Всю весну водила Ховра шептух к бабе Гришки Мешковича. Шептали они на веник, брызгали в хате святой водой, перевязывали пальцы нитками. Ничего не помогало. Чахла баба с каждым днем. Болело у бабы в грудях, по ночам душил глухой кашель и тело все покрывалось холодным потом. В начале лета полегчало. Гришка Мешкович обрадовался: пошла на поправку. Но как-то в полдень прибежал в хату Шанени заплаканный Васек, уцепился за Ховрины руки и, глотая слезы, с трудом выговорил:
— Мамка… померла-а…
Отпел бабу Гришки Мешковика поп Глеб, и похоронили ее, соблюдая, по возможности, христианский обычай. После похорон собрались в хате. Ховра наварила каши, заготовила большую глиняную чашку медовой воды, накрошила туда хлеба и раздала на вечерней трапезе каждому по три ложки кануна.
На следующий день из костела святого Франциска в хату Гришки Мешковича пришел высокий и тучный дьякон. Ударился о низкий ушак головой, сердито сплюнул и потер ушибленный лоб.

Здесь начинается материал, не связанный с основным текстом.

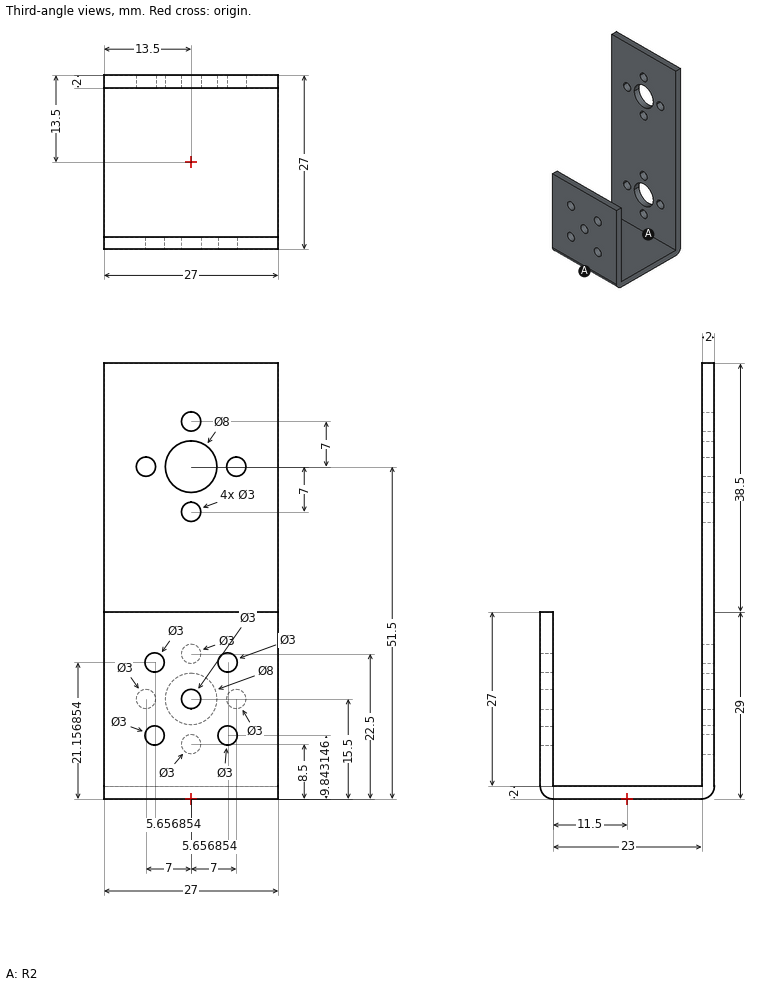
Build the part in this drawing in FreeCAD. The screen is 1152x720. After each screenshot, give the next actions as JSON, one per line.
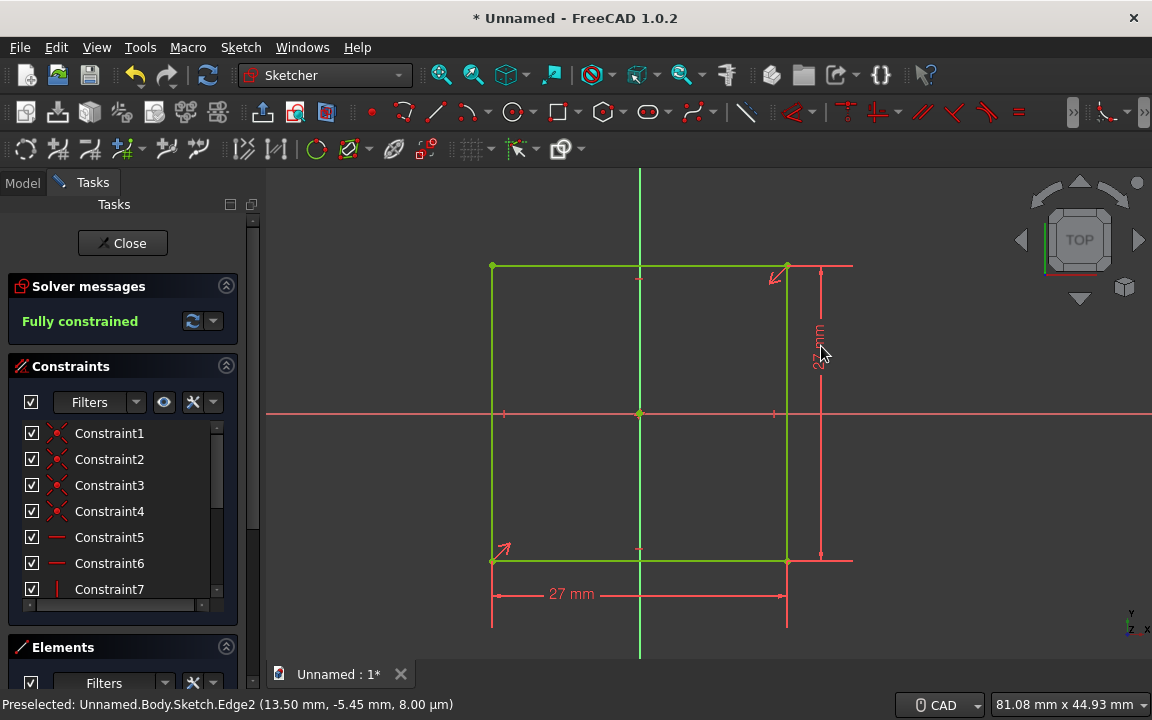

— Его преосвященству пану ксендзу Халевскому стало ведомо, что почила баба твоя.
— Так, — подтвердил Гришка Мешкович, теряясь в догадках о цели прихода священнослужителя.
— С прискорбием узнал достопочтенный пан ксендз, что хоронил ты бабу не как подобает верному сыну ойчины…
— Не пойму, пане дьякон…
— Бабу надо откопать и захоронить, как повелевает вера наша. — Поджав губы, дьякон встал и подтвердил — Сегодня же…

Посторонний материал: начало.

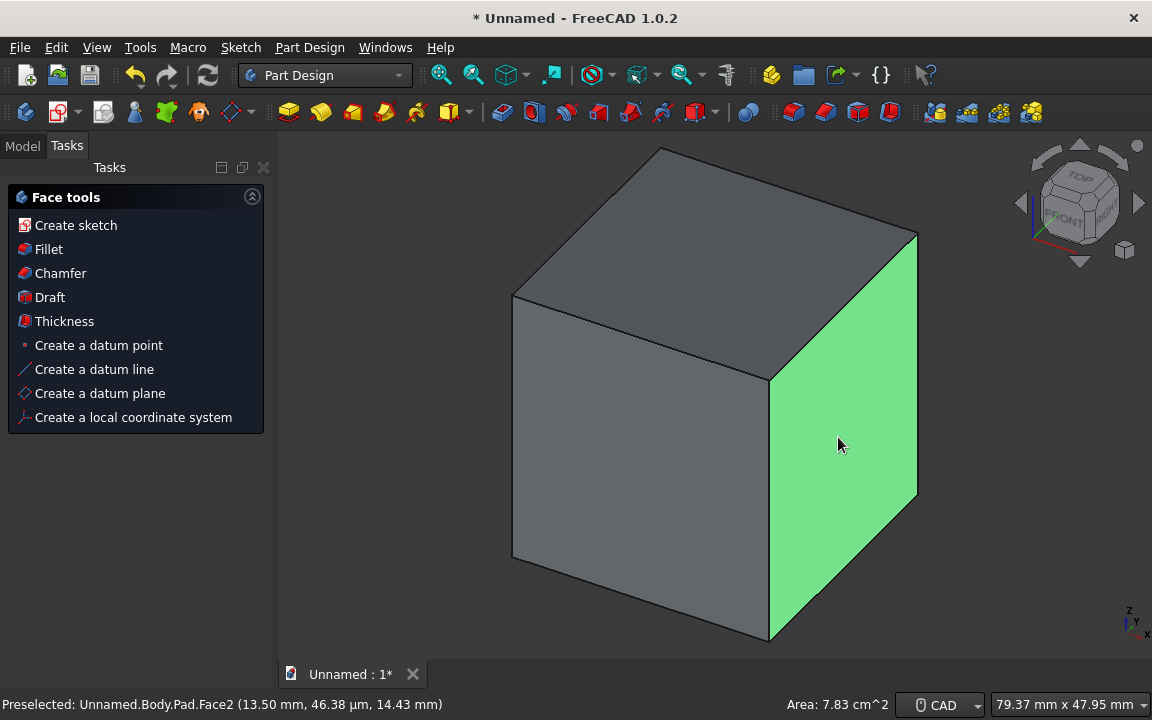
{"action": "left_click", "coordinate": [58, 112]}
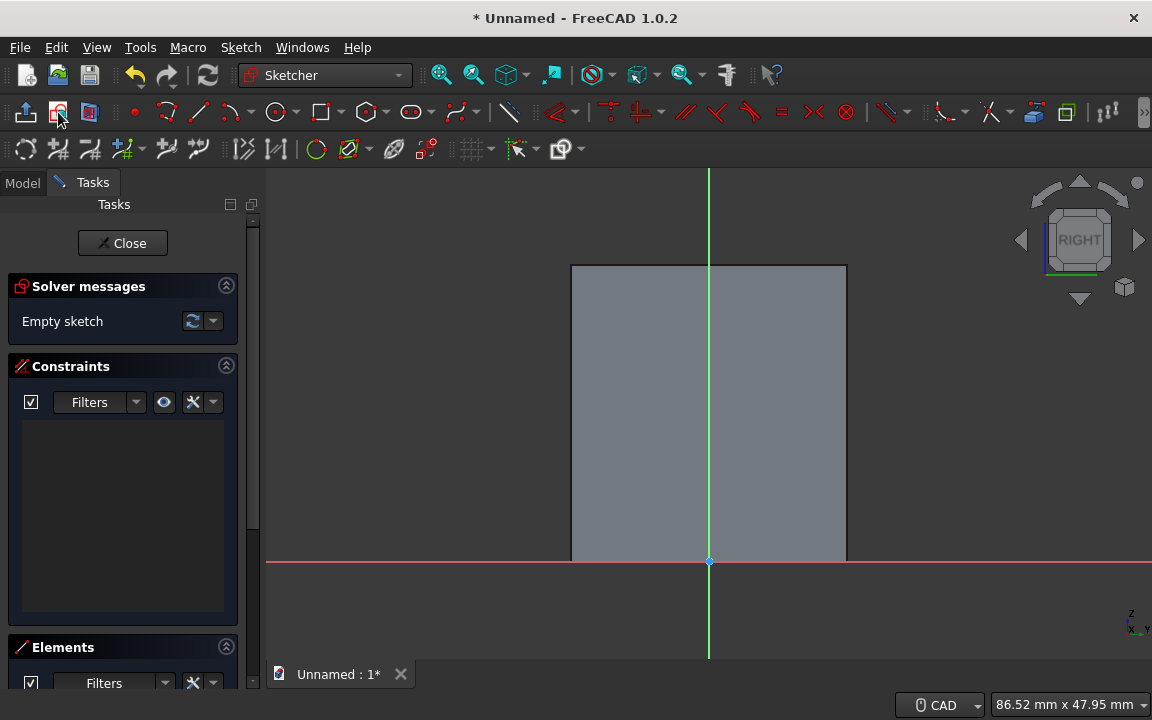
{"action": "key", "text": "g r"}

Показалось Гришке Мешковичу, что расступилась твердь под его ногами. Закрыл веки, сжал зубы и полетел вниз, в темную страшную пропасть…
Очнувшись, нахлобучил на глаза шапку и пошел к Ивану Шанене. Шаненя слушал молча, потупив голову.
— Ховра, дай чистую рубаху, — попросил он жену.
Переоделся, подвязал сыромятным ремешком рубаху, старательно расчесал вскудлаченную голову.
— Пойдем к Халевскому… — хотел добавить резкое слово, да сдержался: Устя была в хате.
Дом ксендза Халевского в шляхетном городе. Тут Иван последнее время бывал редко. Сейчас удивился. Возле ратуши — стража. У моста — гайдуки. Возле дома пана войта Луки Ельского толпятся рейтары.
В дом пана ксендза Халевского служанка не пустила. Разрешила ожидать в сенях.
Ксендз вышел в черной накидке с желтым крестом на груди и черной шапочке. Тяжелое, одутловатое лицо было усталым и синие мешки висели под красными веками. Легким, почти незаметным кивком он ответил на поклоны и, полуприкрыв глаза, выслушал Шаненю. Ксендз не торопился с ответом. Наконец, вздрогнули желваки на лице Халевского. Ксендз разжал губы.
— Велено…
— Как же вынимать из могилы усопшую, пане ксенже?
— Похоронена не по обряду. Господь бог не простит этого во веки веков ни мне, ни ему. — Халевский выставил палец в грудь Гришки.
— Усопшую отпевали, — настаивал Иван.
— Кто отпевал? — вздрогнул Халевский. — Не Глеб?
Шаненя замялся: понял, куда клонит ксендз.
— Он.
Уста Халевского задрожали и опустились вниз. Он сцепил пальцы и положил руки на желтый крест.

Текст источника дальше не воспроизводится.